By Kevin McAuliffe
March 23, 2007
In this day and age with articles about global warming, biodiversity loss and chemicals in the environment popping up almost daily in the media it has become apparent that all companies “small and large” now need to consider environmental issues in their management planning. The question for most is where to begin. My company, Newport Ltd., started this process over five years ago and through trial and error learned a number of lessons. For those just starting on the road to environmental sustainability I would recommend beginning with an environmental audit.
The word audit probably strikes fear into most business people because of the association with tax audits, but an environmental audit can be a very positive experience if approached in the correct way. Basically, an environmental audit is an audit of a business from an environmental point of view. In other words, looking at a company’s environmental impacts such as electricity use, paper use, and purchasing. For most companies in the service sector the environmental impacts are usually fairly straight forward but for those in manufacturing it can become much more complex. However, whatever the industry the basic approach is the same of identifying how a company through its day-to-day business impacts the environment.

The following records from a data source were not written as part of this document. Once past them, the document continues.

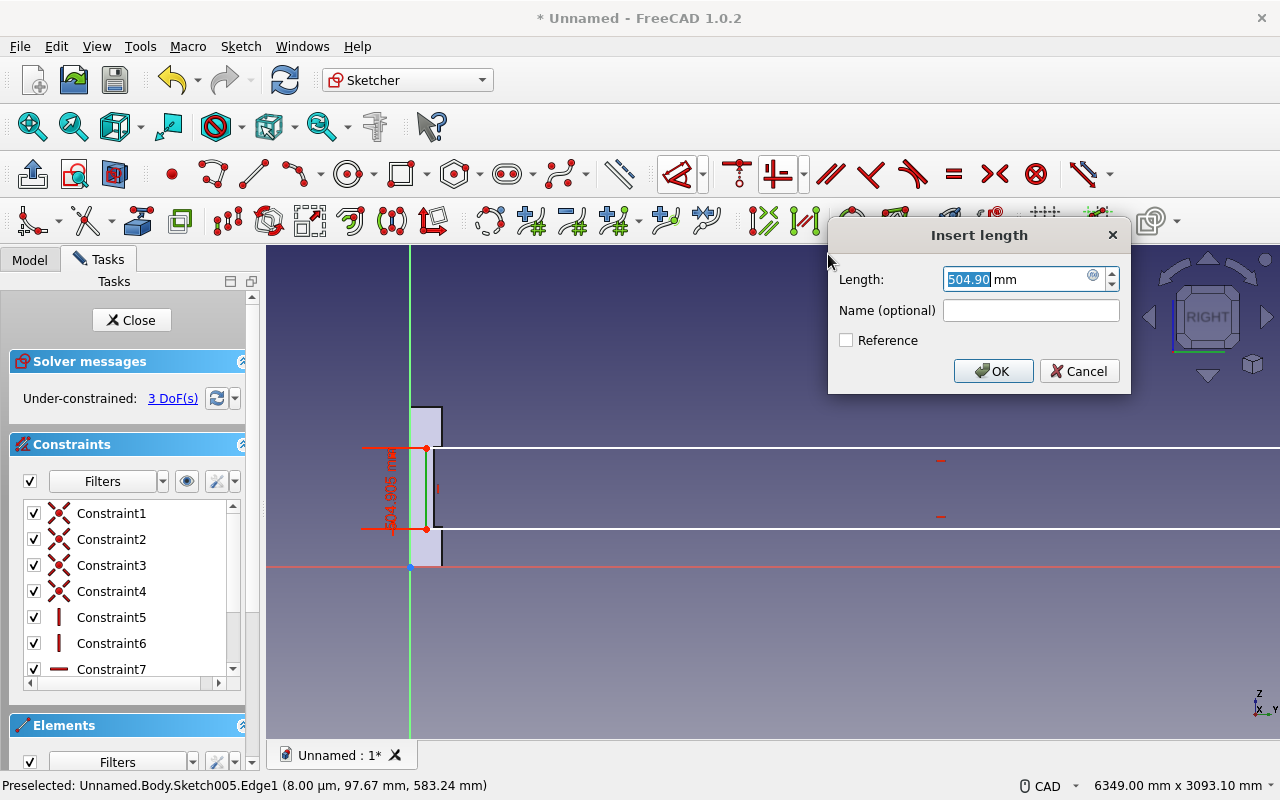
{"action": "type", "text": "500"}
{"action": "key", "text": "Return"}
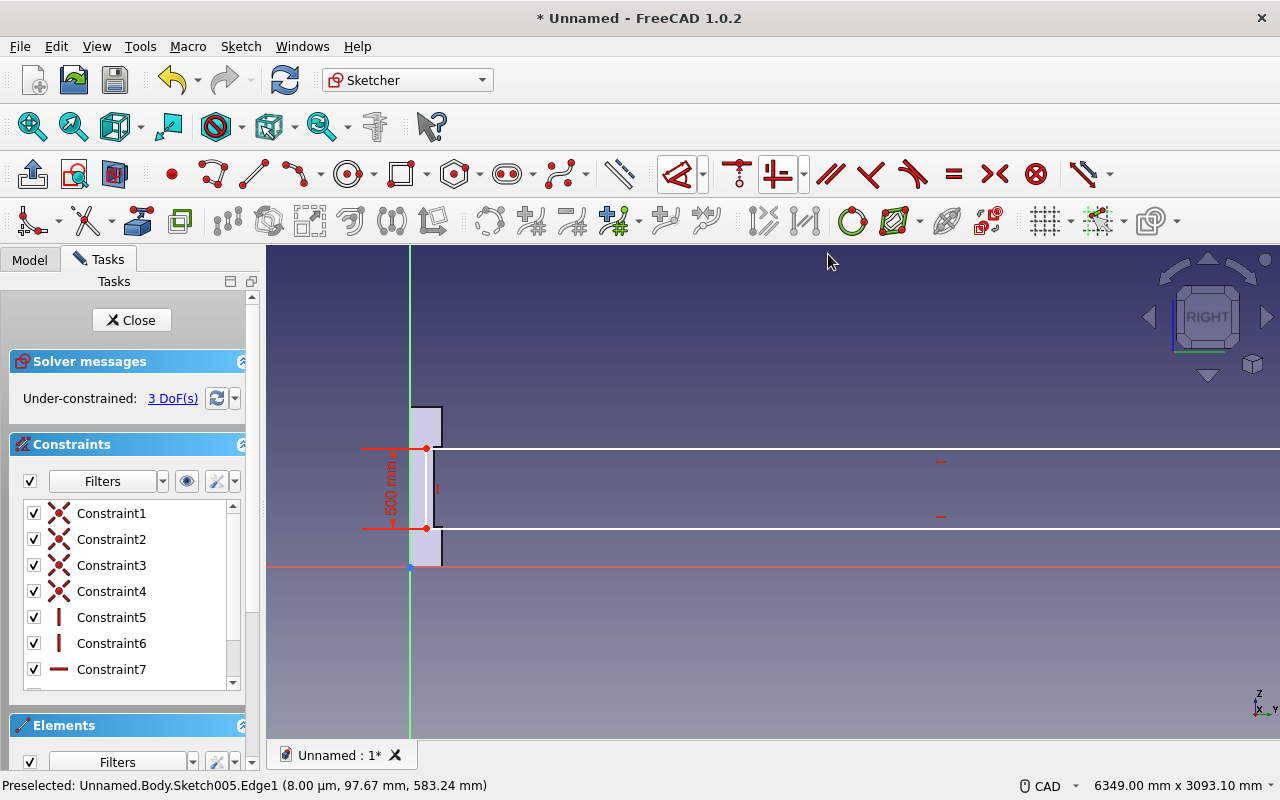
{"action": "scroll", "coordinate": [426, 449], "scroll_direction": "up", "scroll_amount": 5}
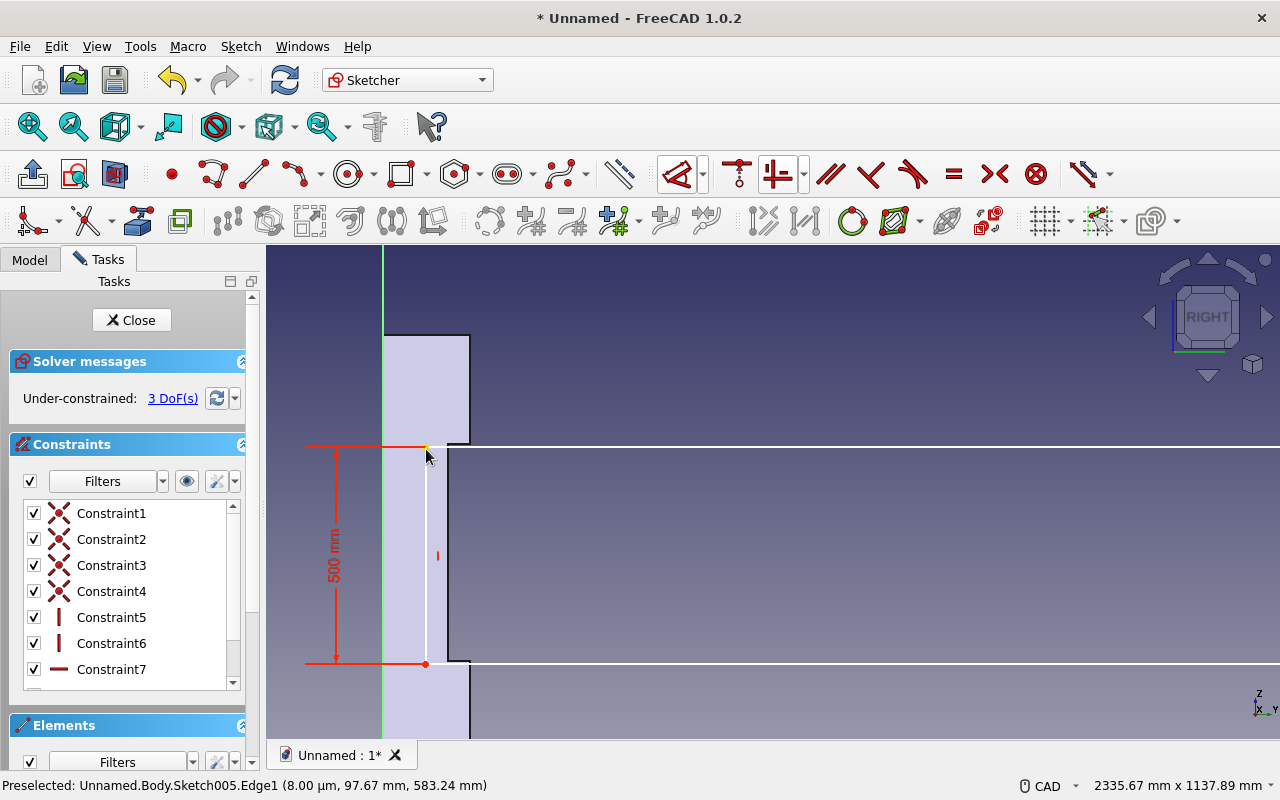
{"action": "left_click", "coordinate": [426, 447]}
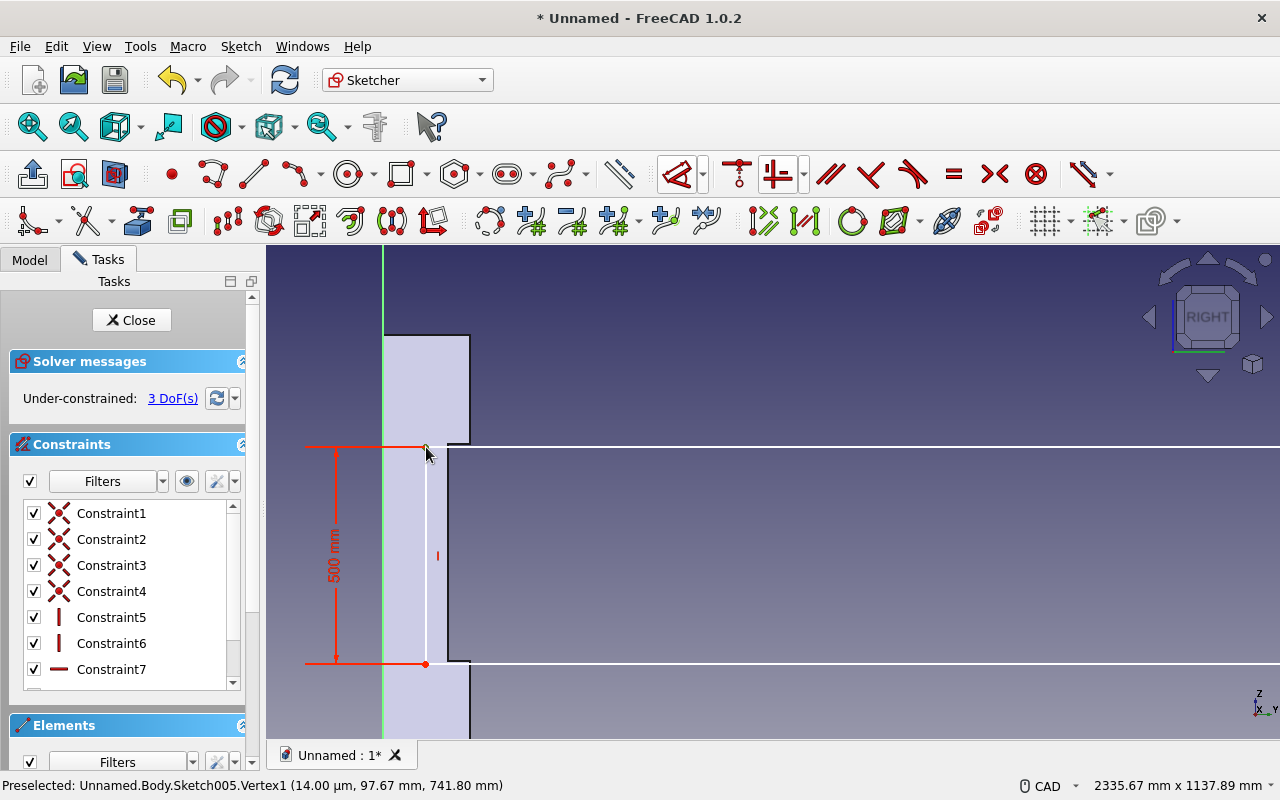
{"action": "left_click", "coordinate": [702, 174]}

Environmental audits can be performed internally with little training of staff or outsourced. My preference is to do it internally as this has important implications later when taking further steps such as establishing an environmental policy and developing environmental management projects. But whether doing it internally or outsourcing management of the project the process remains the same as have each division of the company look at how they impact the environment. Typical impacts are the following:
1. Electricity Use (Lighting, Heating/Cooling, Appliances and Office Equipment)
2. Paper Use
3. Water Use
4. Purchases or Leases of Office Equipment and Furniture and Disposal of Same
5. Travel (both commute and business travel)
6. Environmental impacts of the Product or Service the Company manufacturers, markets, sells or otherwise delivers and any third party involvement in the process.
7. Office Waste
The environmental audit requires measuring and recording on a monthly, quarterly and yearly basis the various impacts. For electricity use it would be the monthly electricity bill measured in kilowatt hours. As this fluctuates throughout the year tracking for one year is an excellent way to understand the effect of seasons. For office purchases it could be a combination of the monthly actual numbers and prices of purchases and percentages of those that have some kind of eco rating.
Once the audit is complete and all environmental impacts have been examined and discussed then you are ready for the next step of writing an environmental policy and developing environmental management projects for the issues you discovered in the environmental audit. I will save this for a future article but by completing the environmental audit it will be much easier to move on to the next step.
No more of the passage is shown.